I'm also not going to claim that Buddy Holly would never fade to irrelevance. That happens to every artist over time. However, knowing about his passion for experimentation and self reliance in the studio, it's clear that he would constantly push to reinvent himself and would never be content to just lay back and rest on past achievements. Johnny Cash was another musician who shared that drive, and even though he faded to irrelevance briefly through the 1980's, he pulled himself back up and became more relevant than ever through the late 1990's until his death.

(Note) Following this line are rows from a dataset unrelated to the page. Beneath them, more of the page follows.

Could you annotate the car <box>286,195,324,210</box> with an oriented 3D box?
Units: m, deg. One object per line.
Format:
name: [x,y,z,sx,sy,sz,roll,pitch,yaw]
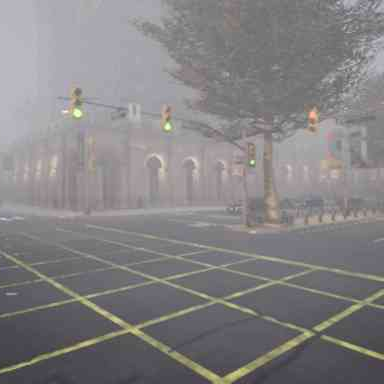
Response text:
car: [12.603,1.106,36.060,4.674,1.442,1.812,-1,1,-41]

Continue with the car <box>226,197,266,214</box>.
car: [5.101,1.188,29.484,4.892,1.490,1.837,-1,1,-41]

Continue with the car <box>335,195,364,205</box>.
car: [20.182,1.077,42.727,4.718,1.301,1.895,-1,1,-41]

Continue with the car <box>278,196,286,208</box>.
car: [10.972,1.157,38.838,4.718,1.301,1.895,-1,1,-41]

I honestly believe that would be the same path down which Holly would have travelled, if he had the chance.

He was arguably the first self-contained musical artist. One could almost say the same about Chuck Berry, except Berry never took the initiative to produce his own recordings. Plus, at the time of his death, Holly was making the moves to start his own publishing company and record label.

My mind boggles thinking about what else he could have accomplished had he lived past 22.

If I had a time machine, I wouldn't go back in time and beg Holly not to get on the plane, but I would most definitely go to see that final night's concert.

Sorry this post is dis-jointed and rambling. It probably could have used some editing and clean-up. But, it really is just a stream of consciousness rant that I wanted to get it posted today, on the day it matters.

The man named Charles Hardin Holley might have died on February 3, 1959, but Buddy Holly lives forever in the souls of the lives his music touched.